Most people will only use Interactive and Training jobs. The default type of job is Training. If you want to run an Interactive job then you need to add “–interactive” to the “runai submit” command.
Reserving resources
When you start a job you should tell it how much memory, CPUs, and GPUs you want the job to have. The defaults are zero GPUs, 0.1 CPU, and 100 MiB of memory. If you want to request more resources then you should add these flags to your “runai submit” command:
–cpu The minimum number of CPUs required to run the job
–cpu-limit The maximum number of CPUs to use
–gpu The exact number of GPUs to use
–memory The minimum amount of memory required to run the job
–memory-limit The maximum amount of memory to useSee the Allocation of CPU and Memory documentation at the Run:AI website for more information.
To request a specific type of GPU use the –node-type flag followed by the type of GPU. The type is the marketing model number with only lowercase letters. For example: a5000, a6000, a100, or l40.
It is absolutely vital to request exactly the number of GPUs which you want to use. As for CPU and memory, please request as much as you need using –cpu and –memory and no more than that if possible.
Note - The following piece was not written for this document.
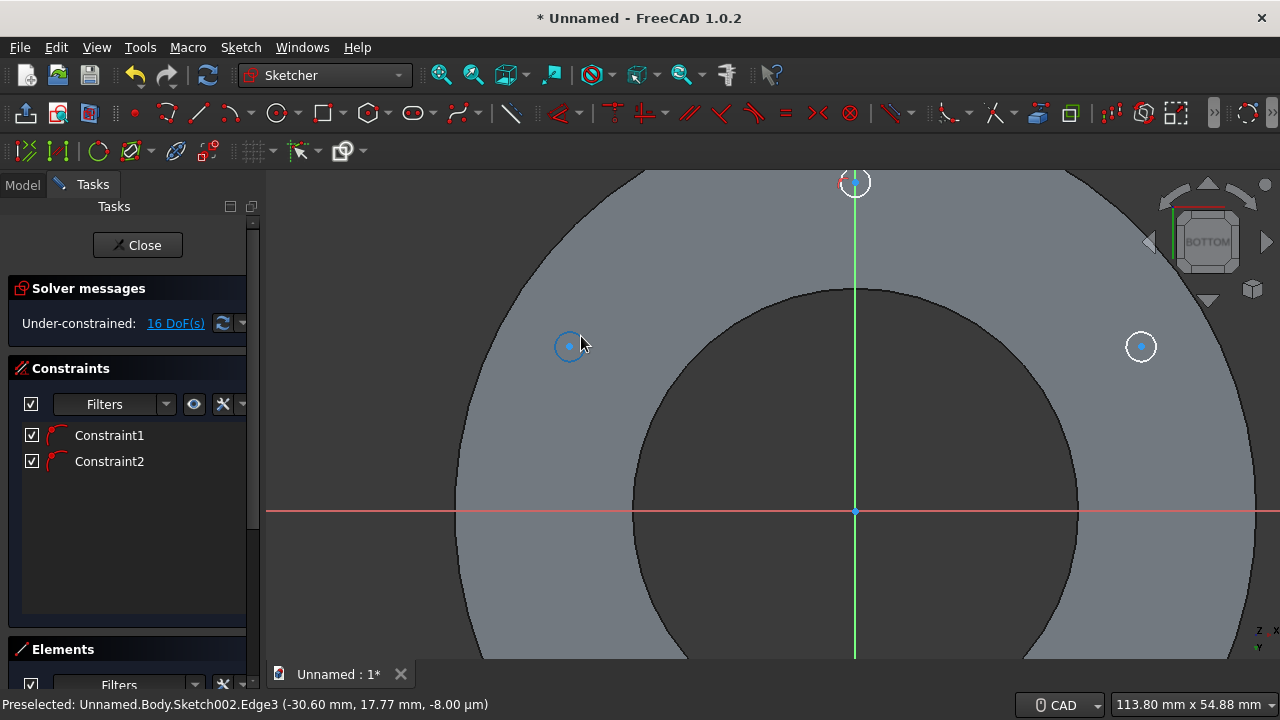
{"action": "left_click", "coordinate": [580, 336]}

If the cluster is busy then the fewer resources you request the more quickly your job will get out of the queue and start running.
Example: Jupyter Notebooks
To run a Jupyter Notebook you should find an appropriate image, then start a job while adding the “–jupyter” flag. Also add “–interactive” since it is an interactive job.
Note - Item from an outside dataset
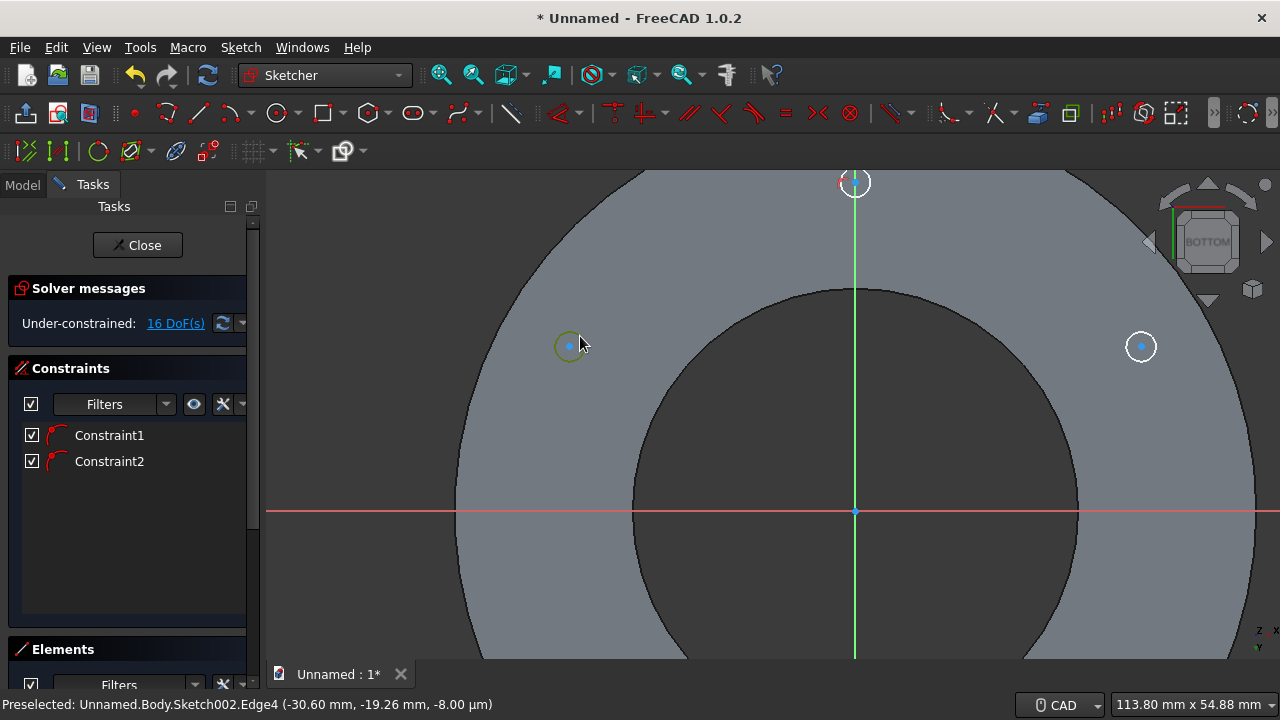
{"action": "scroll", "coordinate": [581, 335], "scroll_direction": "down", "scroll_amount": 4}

runai submit –name jupyter-1 -i jupyter/scipy-notebook –interactive –jupyter
Running this command will create two things: a container running a Jupyter Notebook on port 8888, and a Service which lets you access port 8888 on the container. You can find the IP and port using a kubectl command:
kubectl get service
NAME TYPE CLUSTER-IP EXTERNAL-IP PORT(S) AGE
jupyter-1 ClusterIP 10.105.90.93 <none> 8888/TCP 5s
This will print out all of the services which you have access to. One will have the same name as your notebook. Use the IP address and port listed for that service when connecting to the Jupyter Notebook. Note that the IP will be different every time and that different Jupyter Notebook images might use ports other than 8888.
As it happens the IP will be internal to the cluster so you will need an SSH tunnel. Let’s say that the gateway login for the cluster is called cluster-login.seas.upenn.edu. From a Mac or Linux computer you would set up an SSH tunnel like this:
ssh -L 28888:10.105.90.93:8888 username@cluster-login.seas.upenn.edu
Then if you connect a web browser to http://localhost:28888 you will get to your Jupyter Notebook. Note that port 28888 is arbitrary, you just have to choose a port which is not being used on your computer. The IP and the other port are the ones from “kubectl get service”. Of course username is your username on the cluster, probably the same as your UPenn PennKey.
Kubernetes experts might know about NodePorts and PortForwards. These can also be used but they are more complicated and require keeping track of which ports are being used on various systems in the cluster so we do not recommend using them.